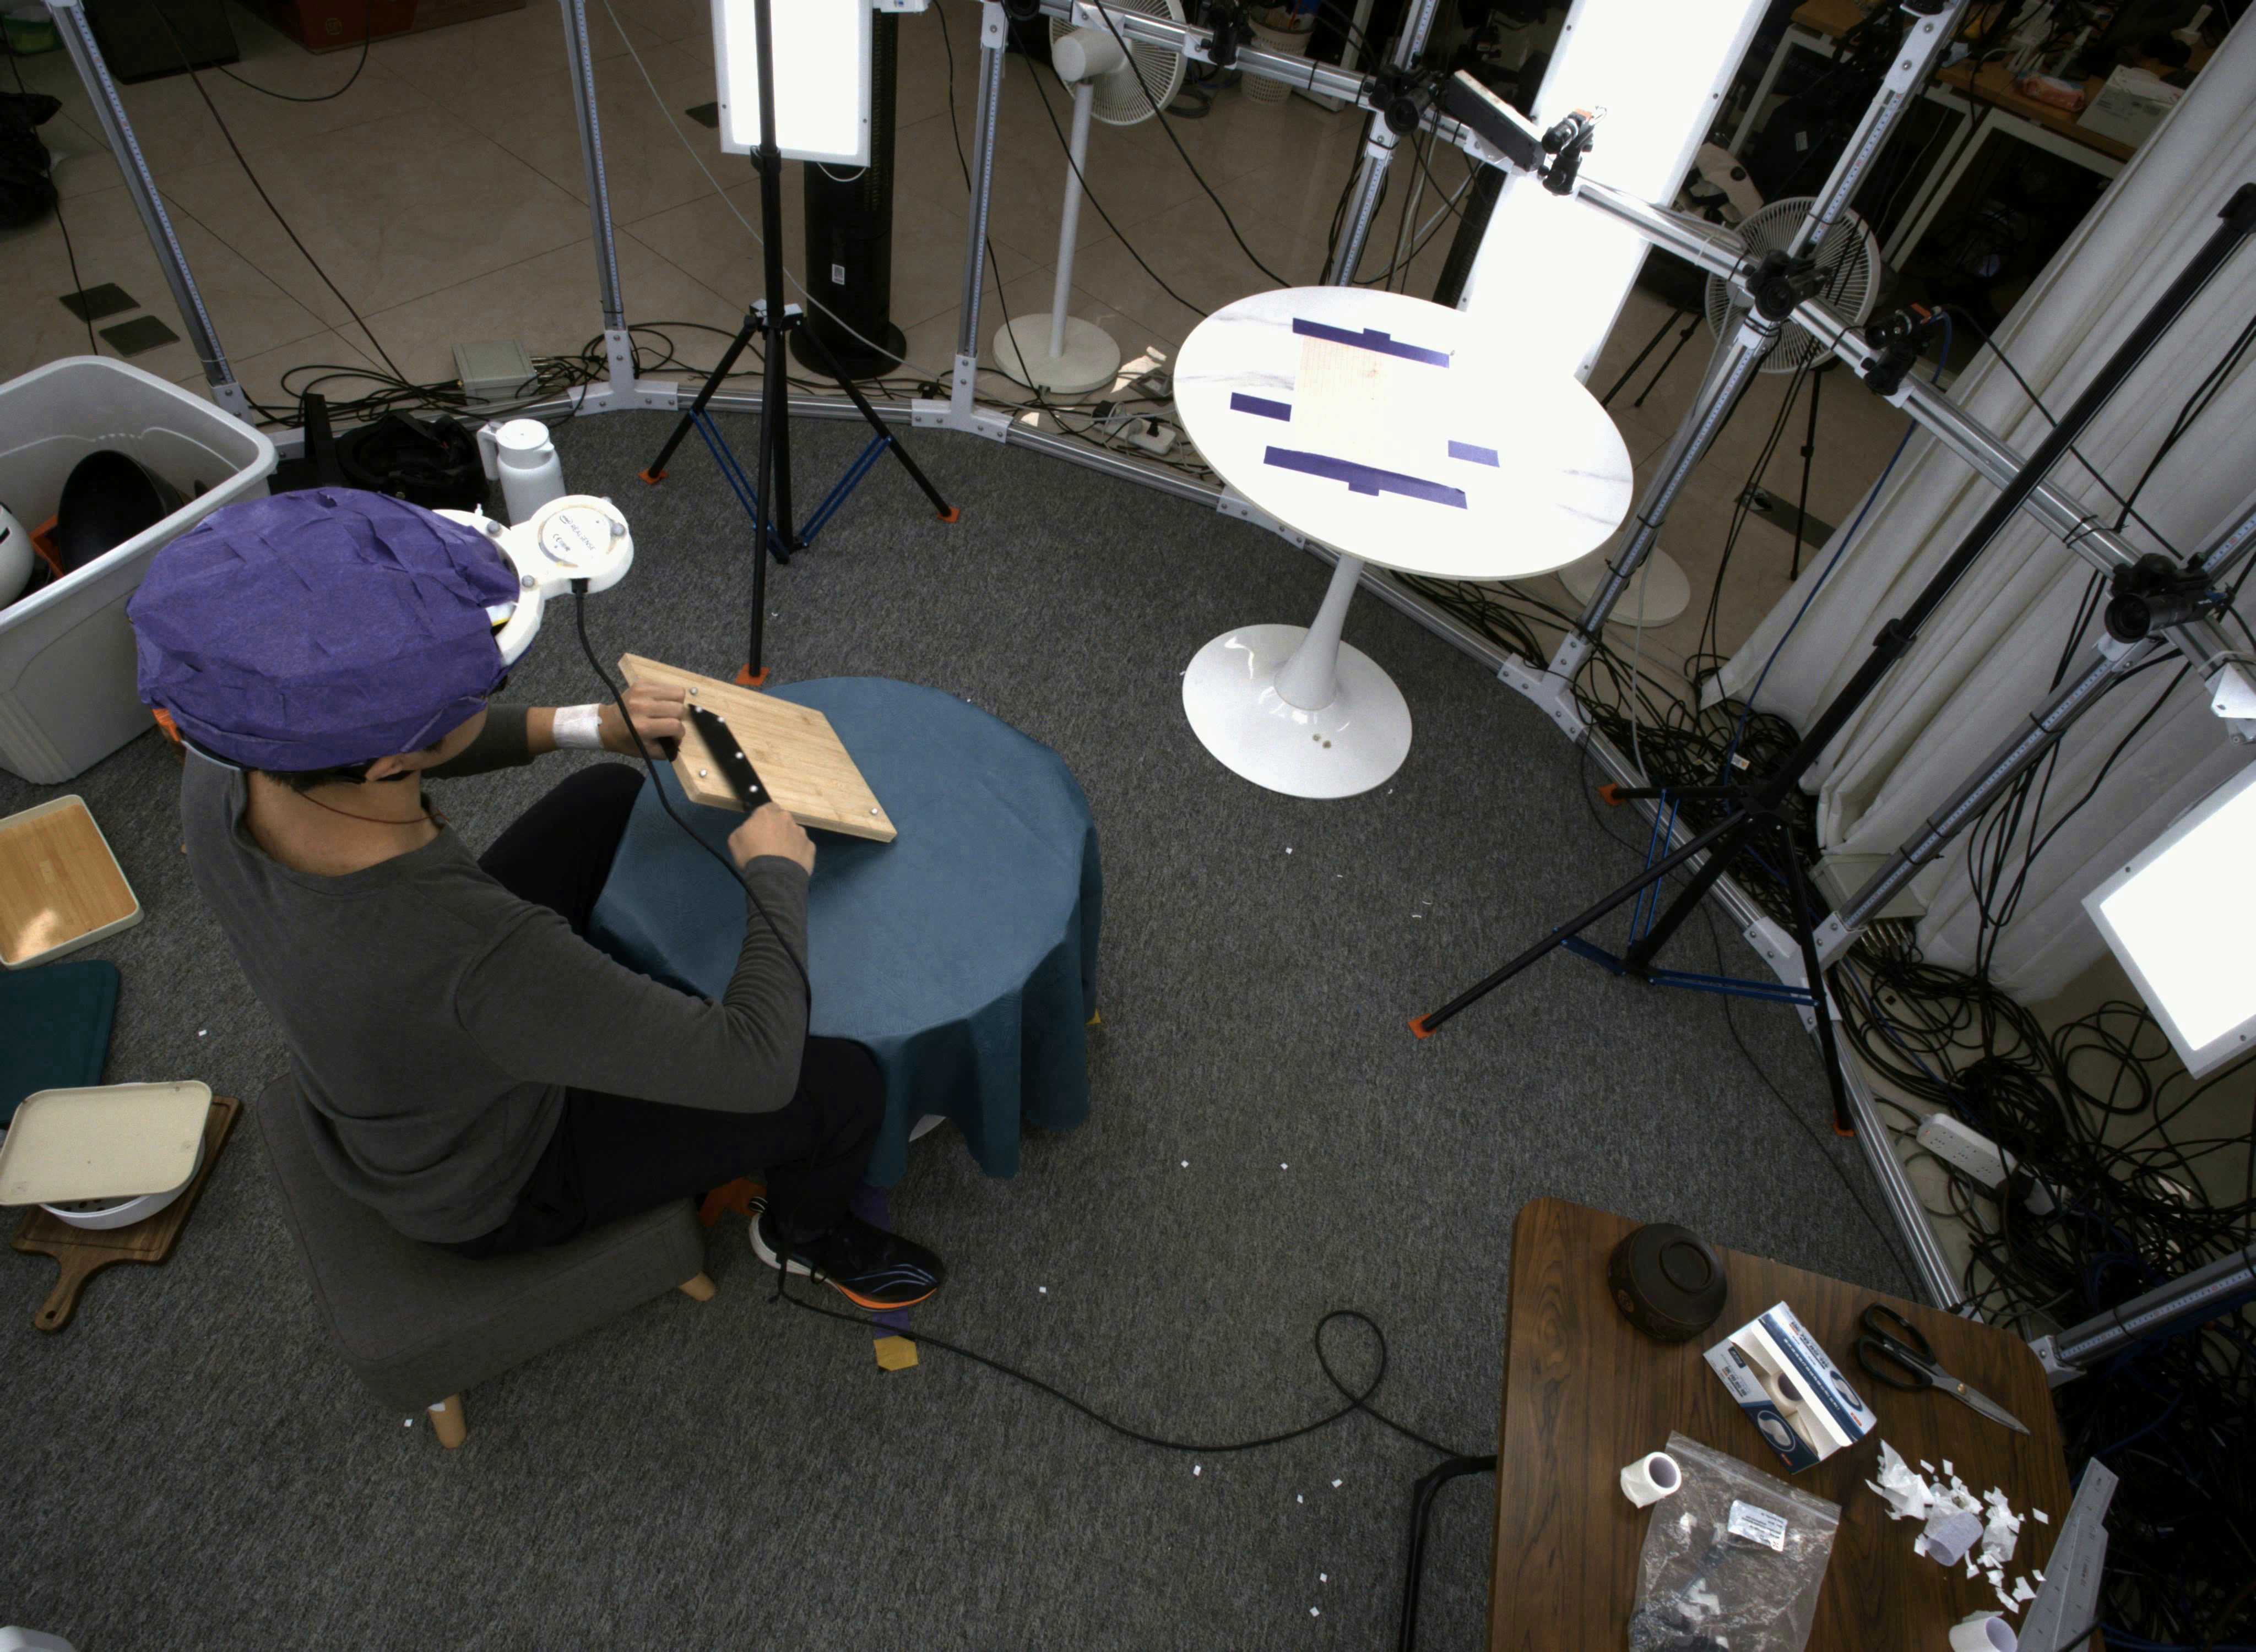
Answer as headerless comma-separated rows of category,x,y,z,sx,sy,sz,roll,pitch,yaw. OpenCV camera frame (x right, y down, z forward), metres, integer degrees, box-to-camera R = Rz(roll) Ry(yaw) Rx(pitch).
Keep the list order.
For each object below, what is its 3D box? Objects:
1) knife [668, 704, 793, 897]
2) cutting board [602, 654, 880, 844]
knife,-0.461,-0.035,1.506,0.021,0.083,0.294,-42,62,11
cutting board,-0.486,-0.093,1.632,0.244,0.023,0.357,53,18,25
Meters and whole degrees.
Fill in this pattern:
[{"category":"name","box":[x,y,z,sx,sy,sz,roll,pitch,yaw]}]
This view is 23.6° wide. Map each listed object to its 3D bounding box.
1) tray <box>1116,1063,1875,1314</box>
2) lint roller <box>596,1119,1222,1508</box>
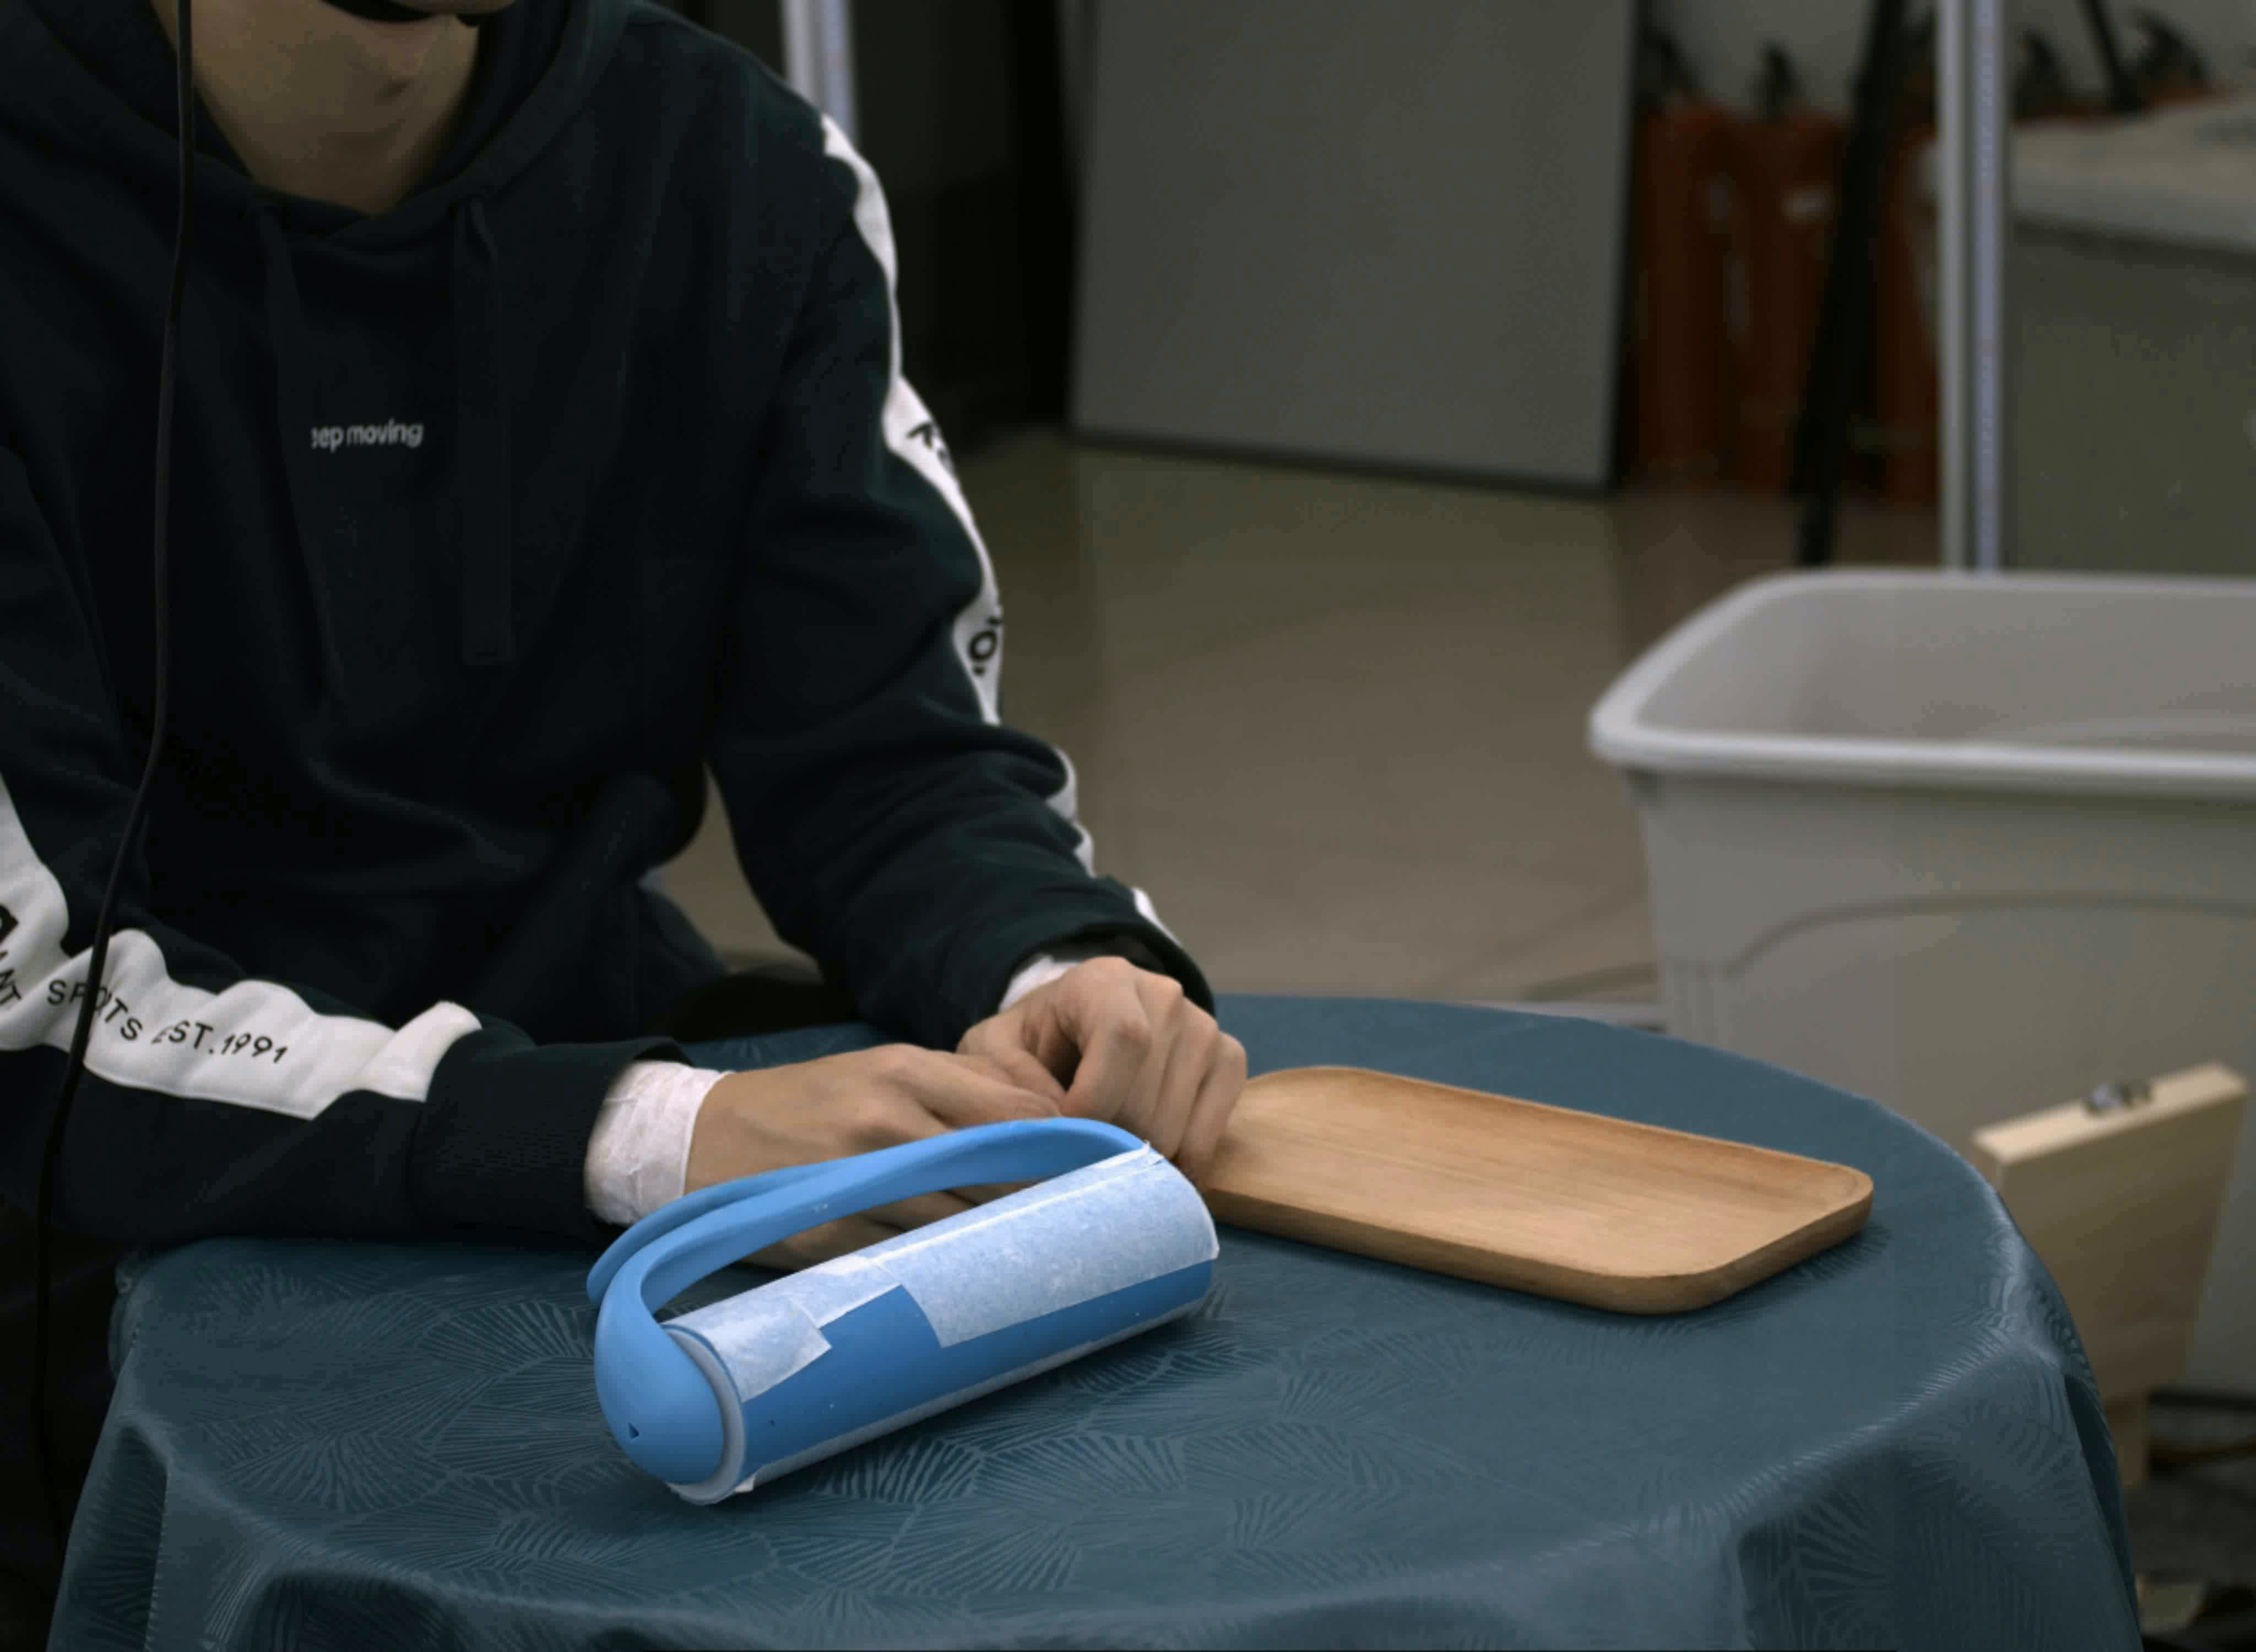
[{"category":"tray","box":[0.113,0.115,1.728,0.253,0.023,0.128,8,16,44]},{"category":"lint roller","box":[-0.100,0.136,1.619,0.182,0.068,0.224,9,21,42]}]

***

▶ **ACTION ITEM**
Should any entry above carry a picture, omit it and repeat everything else word for word.

▶ **WRITTEN REPLY**
Answer as headerless comma-separated rows of category,x,y,z,sx,sy,sz,roll,pitch,yaw. OpenCV camera frame (x right, y down, z forward), metres, integer degrees, box-to-camera R = Rz(roll) Ry(yaw) Rx(pitch).
Keep the list order.
For each object below, what is its 3D box? Objects:
1) knife [668, 704, 793, 897]
2) cutting board [602, 654, 880, 844]
knife,-0.461,-0.035,1.506,0.021,0.083,0.294,-42,62,11
cutting board,-0.486,-0.093,1.632,0.244,0.023,0.357,53,18,25
Meters and whole degrees.
Fill in this pattern:
[{"category":"name","box":[x,y,z,sx,sy,sz,roll,pitch,yaw]}]
This view is 23.6° wide. Map each listed object to its 3D bounding box.
1) tray <box>1116,1063,1875,1314</box>
2) lint roller <box>596,1119,1222,1508</box>
[{"category":"tray","box":[0.113,0.115,1.728,0.253,0.023,0.128,8,16,44]},{"category":"lint roller","box":[-0.100,0.136,1.619,0.182,0.068,0.224,9,21,42]}]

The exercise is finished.